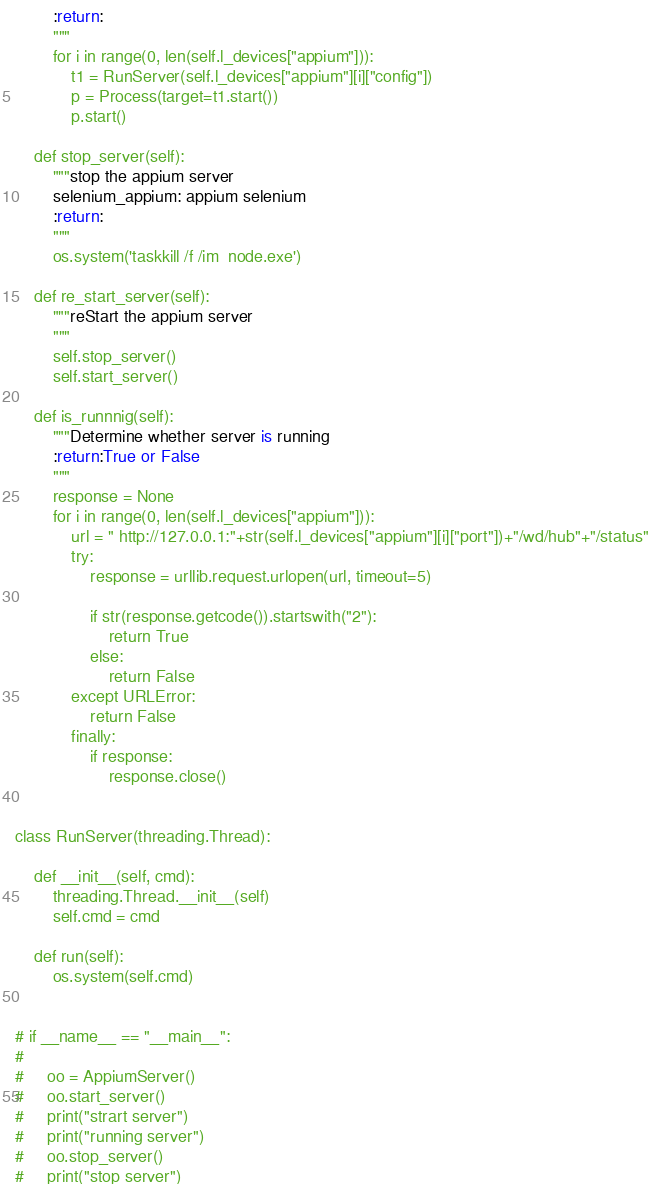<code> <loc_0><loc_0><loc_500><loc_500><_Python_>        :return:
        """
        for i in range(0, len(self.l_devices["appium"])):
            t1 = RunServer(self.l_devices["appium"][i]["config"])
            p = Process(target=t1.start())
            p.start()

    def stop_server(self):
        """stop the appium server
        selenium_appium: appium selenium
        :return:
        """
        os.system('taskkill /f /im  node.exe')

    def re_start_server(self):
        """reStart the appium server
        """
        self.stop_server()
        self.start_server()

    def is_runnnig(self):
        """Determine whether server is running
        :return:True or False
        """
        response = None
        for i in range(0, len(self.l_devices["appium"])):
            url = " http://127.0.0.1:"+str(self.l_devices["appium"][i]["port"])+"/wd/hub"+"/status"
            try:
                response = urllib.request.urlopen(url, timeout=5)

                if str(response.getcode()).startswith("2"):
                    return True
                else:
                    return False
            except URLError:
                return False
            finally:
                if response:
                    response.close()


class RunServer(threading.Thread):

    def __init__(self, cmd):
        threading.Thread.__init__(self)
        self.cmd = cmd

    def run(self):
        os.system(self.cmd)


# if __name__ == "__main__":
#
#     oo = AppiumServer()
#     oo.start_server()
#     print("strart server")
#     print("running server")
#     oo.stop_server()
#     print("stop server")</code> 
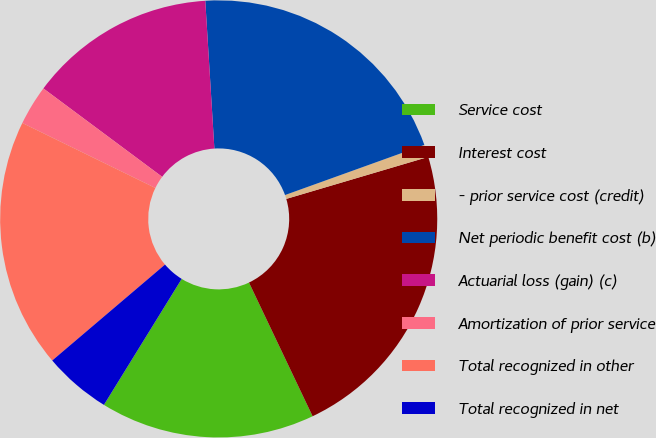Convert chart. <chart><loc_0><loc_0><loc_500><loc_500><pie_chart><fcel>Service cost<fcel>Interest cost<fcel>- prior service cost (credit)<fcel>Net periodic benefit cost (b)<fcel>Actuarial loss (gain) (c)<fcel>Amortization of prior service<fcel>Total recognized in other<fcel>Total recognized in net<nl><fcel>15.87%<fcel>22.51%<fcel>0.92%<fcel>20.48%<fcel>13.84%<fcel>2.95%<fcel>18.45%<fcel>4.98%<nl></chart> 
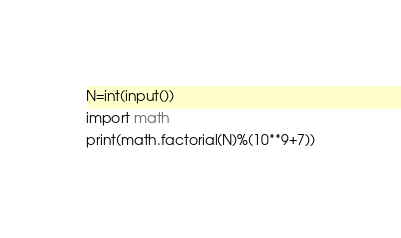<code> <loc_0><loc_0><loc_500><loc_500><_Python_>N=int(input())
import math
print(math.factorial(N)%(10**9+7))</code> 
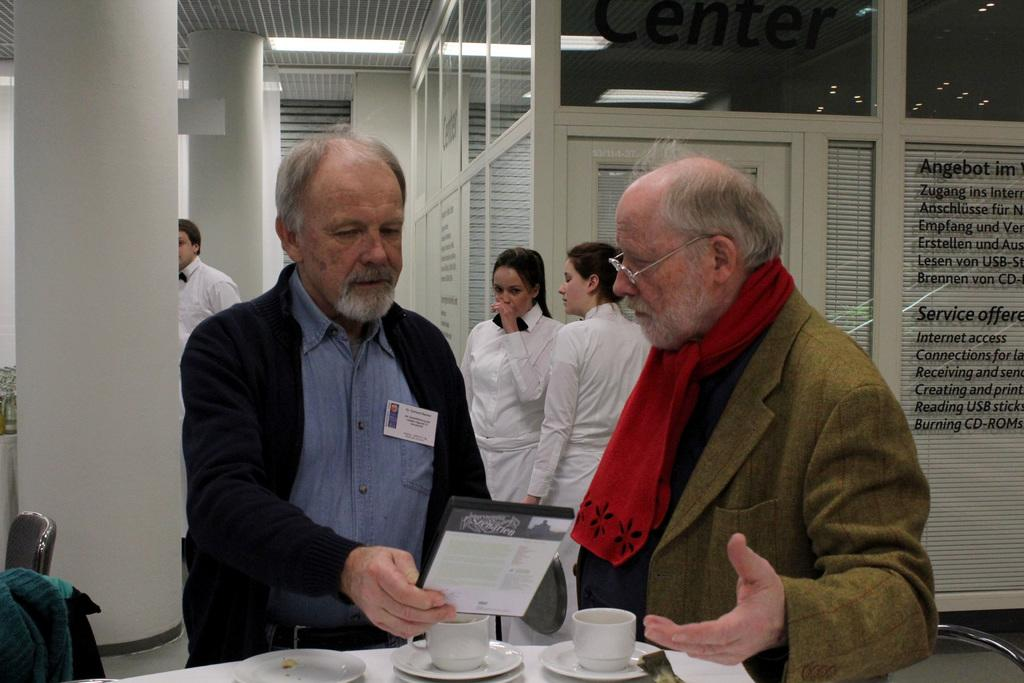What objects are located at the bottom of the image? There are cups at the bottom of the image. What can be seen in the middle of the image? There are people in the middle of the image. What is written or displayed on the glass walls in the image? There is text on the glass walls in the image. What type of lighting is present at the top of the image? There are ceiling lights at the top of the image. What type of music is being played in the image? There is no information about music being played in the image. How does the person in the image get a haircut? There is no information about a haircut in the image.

○ ○ ○ ○

- [To do]:
Pictures are to be left out; otherwise, retype exactly the lines from the first line of the data through the line containing "selenium_appium: appium selenium".

- [Exercise result]:
<code> <loc_0><loc_0><loc_500><loc_500><_Python_>        :return:
        """
        for i in range(0, len(self.l_devices["appium"])):
            t1 = RunServer(self.l_devices["appium"][i]["config"])
            p = Process(target=t1.start())
            p.start()

    def stop_server(self):
        """stop the appium server
        selenium_appium: appium selenium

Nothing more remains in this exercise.